Shotgun Fungus

Shotgun Fungus, also known as Artillery Fungus, is common and you may have already come across it in the past forming in your mulched beds. It typically grows in rotted wood or dung, which is why it can become an issue with mulch. Generally, it forms during the Spring and Fall months.

Why It’s Called Artillery Fungus

The fungus will form little bulb-like spheres about 2mm in diameter. Inside the bulbs it produces spores within a gooey liquid which it uses to reproduce. Once these bulb-ish spheres become mature, they burst open and the sticky spores are shot-out as far as 20ft through the air. Shotgun fungus is light sensitive, so the spores are aimed for the strongest area of light.

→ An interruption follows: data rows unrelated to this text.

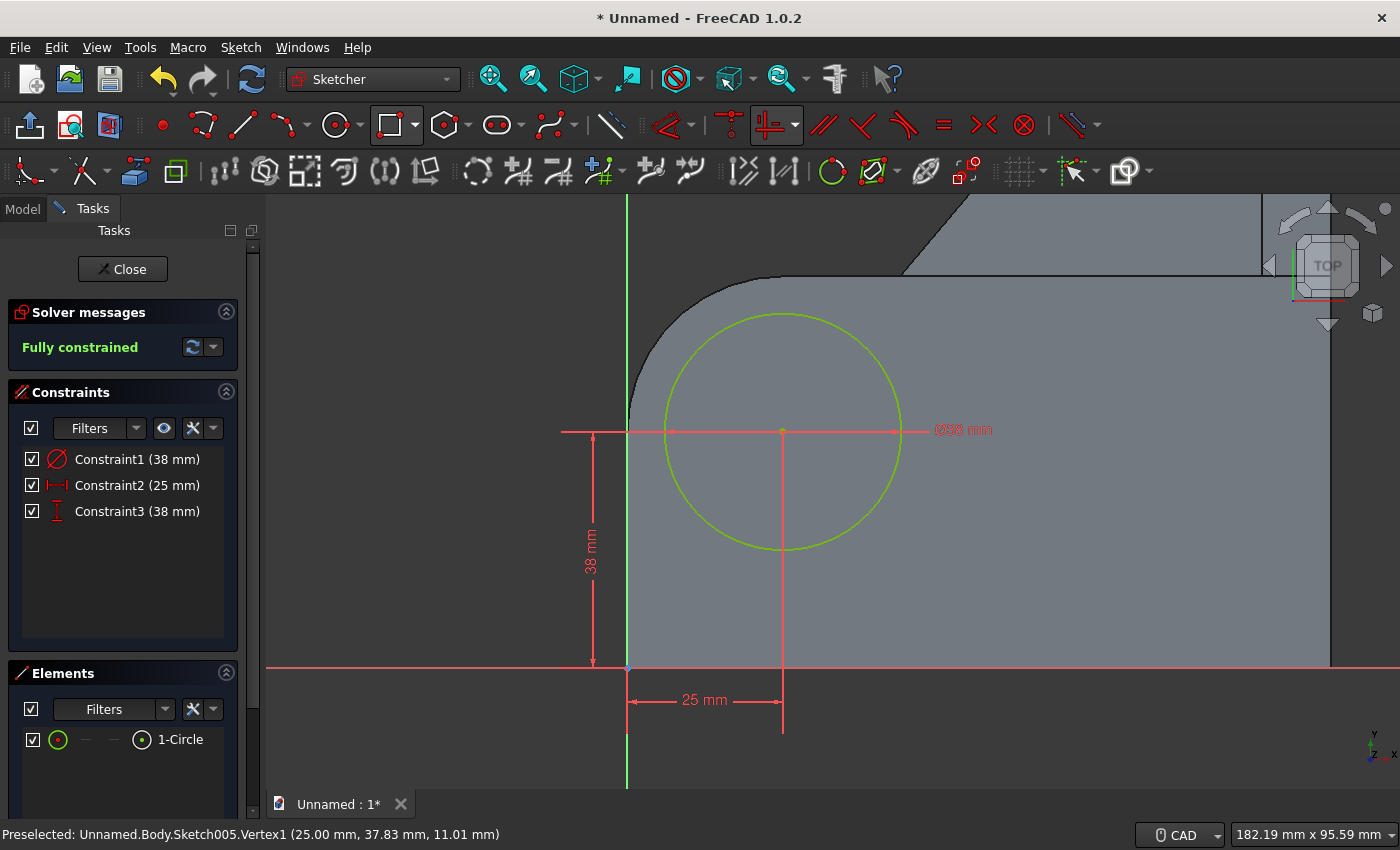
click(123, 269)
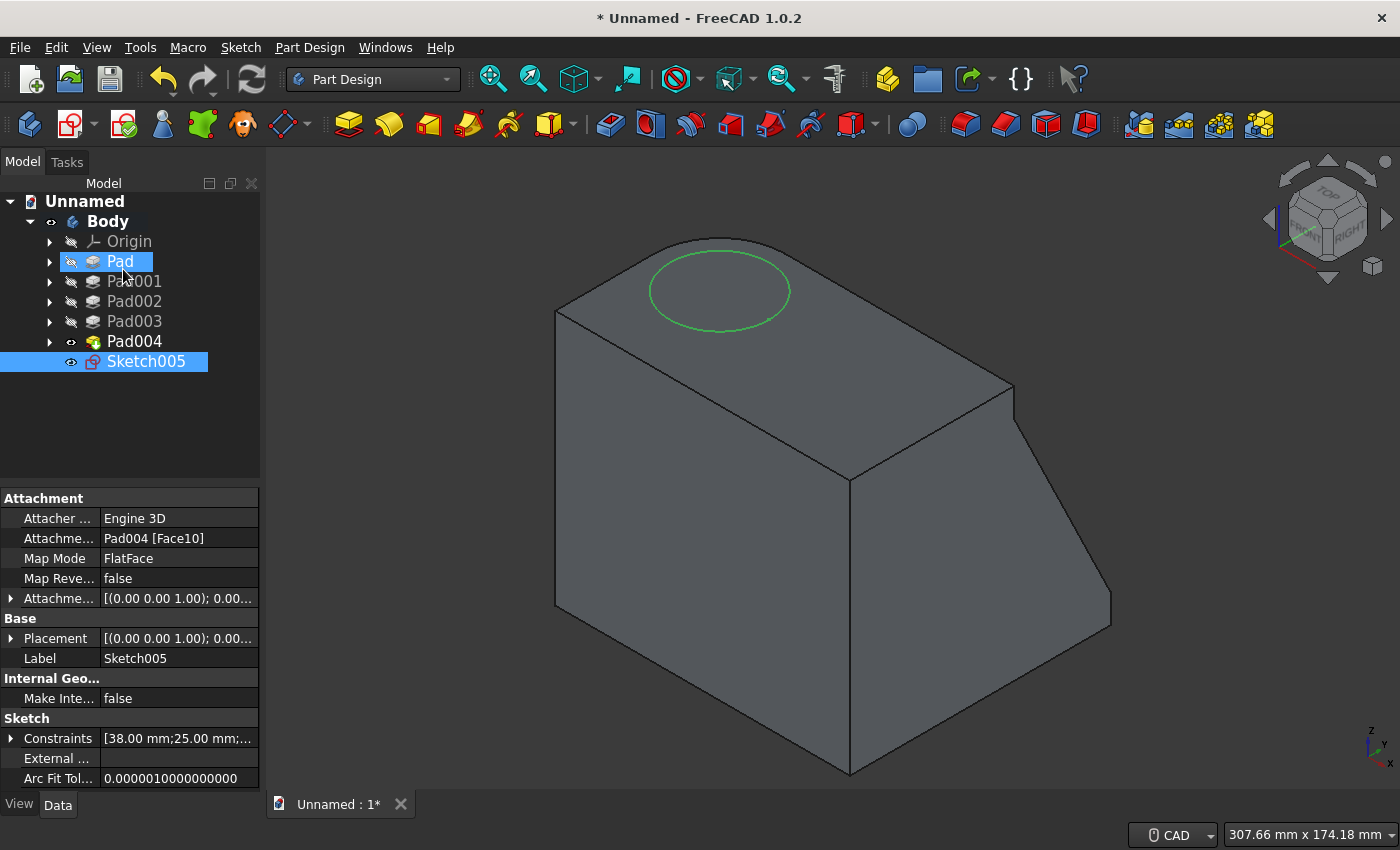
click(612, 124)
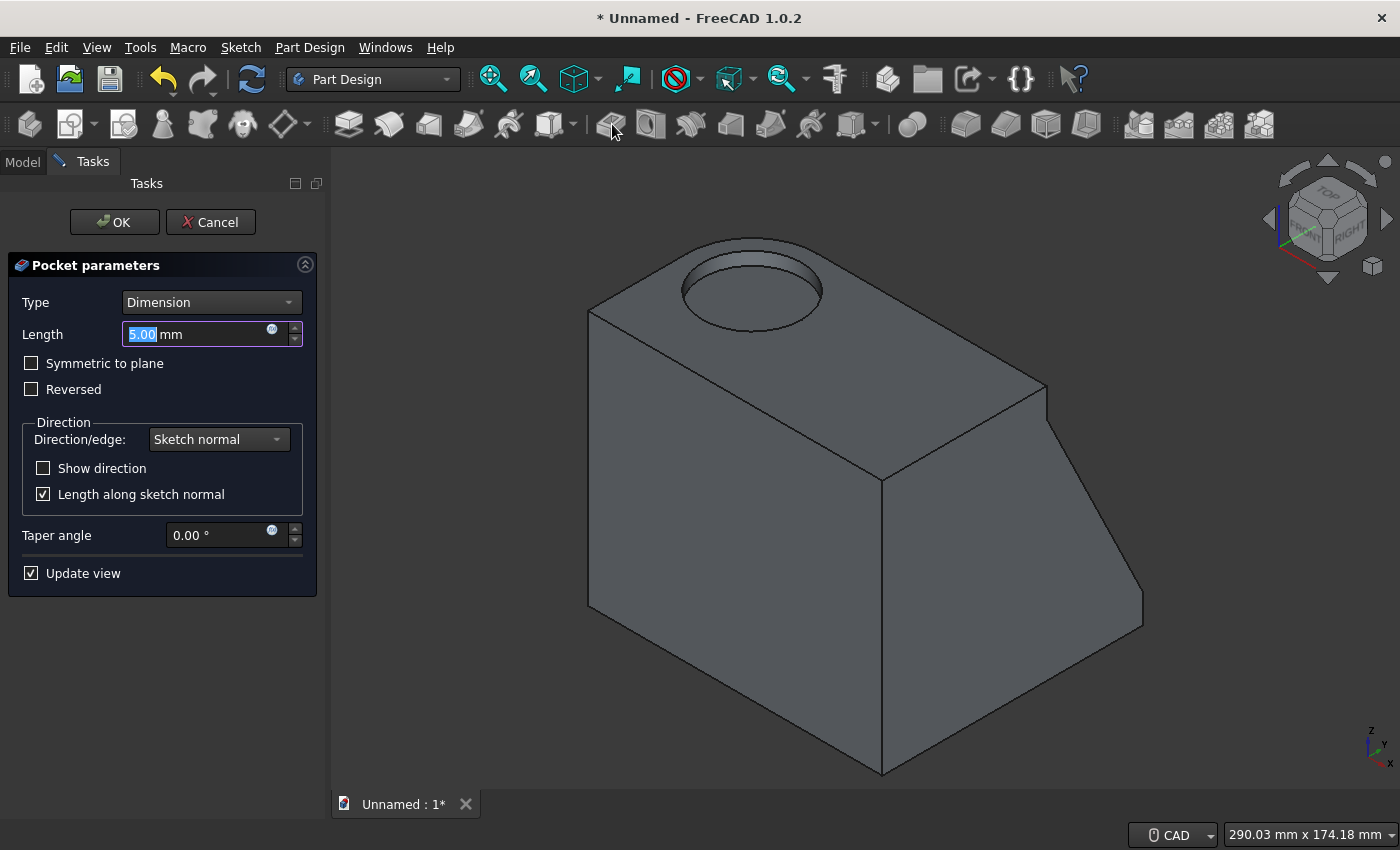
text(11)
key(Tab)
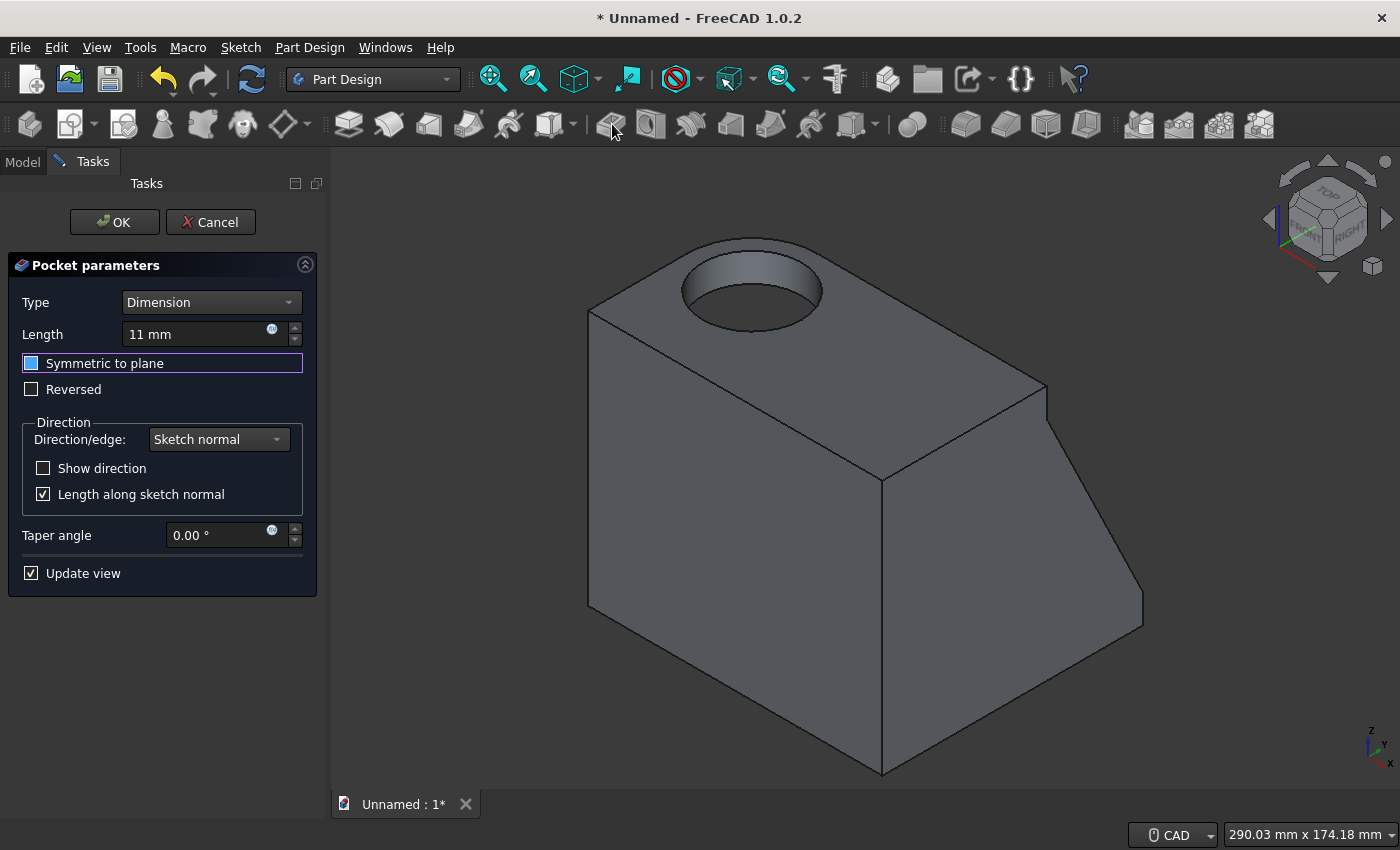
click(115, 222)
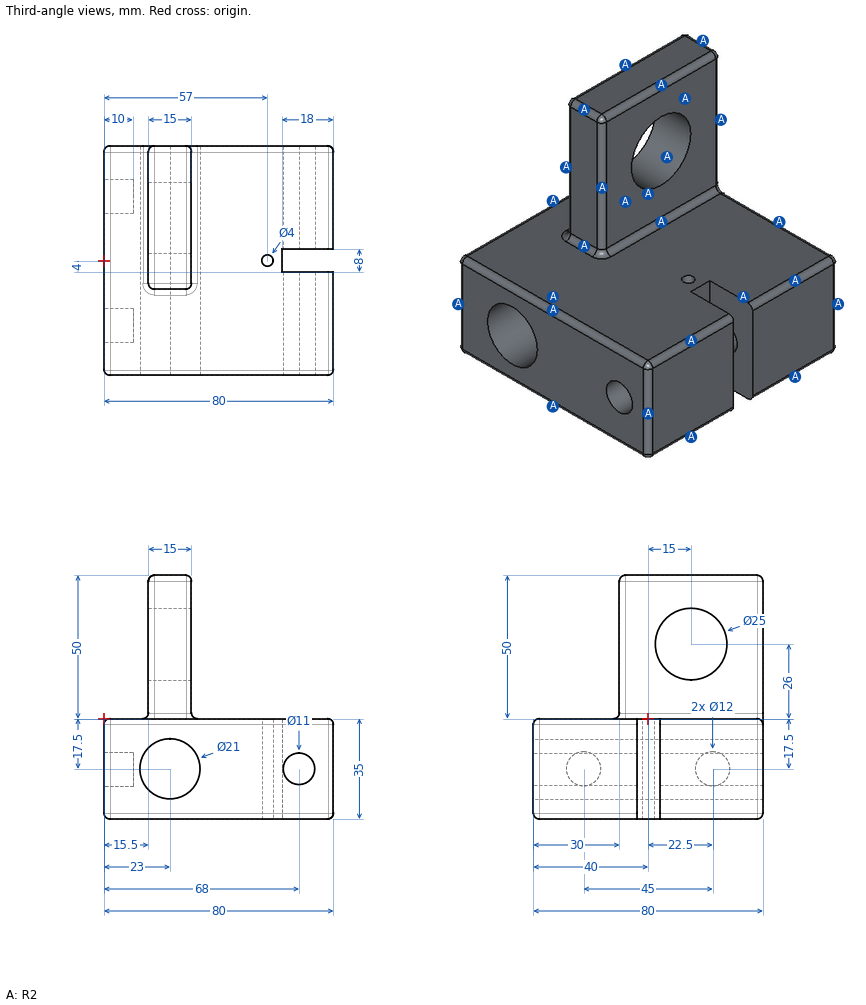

As far as we understand, it is not harmful, but can be a real nuisance. The tiny black spores can land on plants, cars and siding on houses, which nearly impossible to remove- leaving an unsightly mess.

How To Manage It

Unfortunately, there are no chemical treatments specifically for Shotgun Fungus, but there are a few things that can be done to prevent it from forming in your beds.

It’s advised that older mulch be “roughed-up” and raked around to expose any spores to the Sun in order to dry them out. This will help prevent the fungus from forming in the first place. And other thing that can be done to prevent Shotgun Fungus is to reapply new mulch thick enough to smother out the spores stored in your beds.